Exercise material:
*** Block opens ***
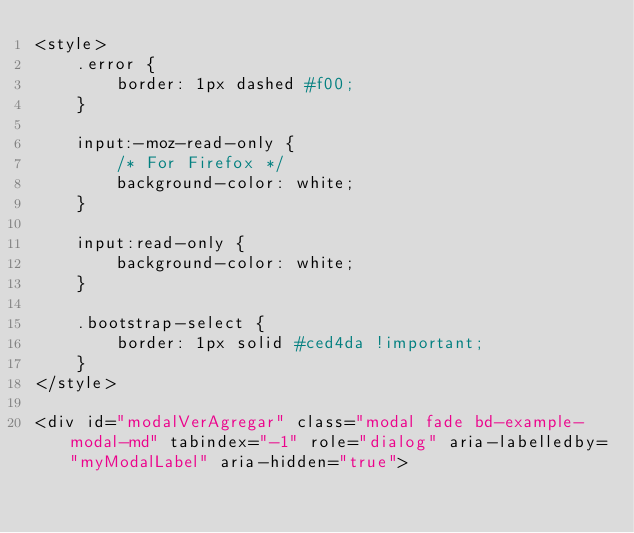<code> <loc_0><loc_0><loc_500><loc_500><_PHP_><style>
    .error {
        border: 1px dashed #f00;
    }

    input:-moz-read-only {
        /* For Firefox */
        background-color: white;
    }

    input:read-only {
        background-color: white;
    }

    .bootstrap-select {
        border: 1px solid #ced4da !important;
    }
</style>

<div id="modalVerAgregar" class="modal fade bd-example-modal-md" tabindex="-1" role="dialog" aria-labelledby="myModalLabel" aria-hidden="true"></code>
*** Block closes ***
Everything in the records goes into your answer exactly, except the pictures.

Exercise answer:
<code> <loc_0><loc_0><loc_500><loc_500><_PHP_><style>
    .error {
        border: 1px dashed #f00;
    }

    input:-moz-read-only {
        /* For Firefox */
        background-color: white;
    }

    input:read-only {
        background-color: white;
    }

    .bootstrap-select {
        border: 1px solid #ced4da !important;
    }
</style>

<div id="modalVerAgregar" class="modal fade bd-example-modal-md" tabindex="-1" role="dialog" aria-labelledby="myModalLabel" aria-hidden="true"></code>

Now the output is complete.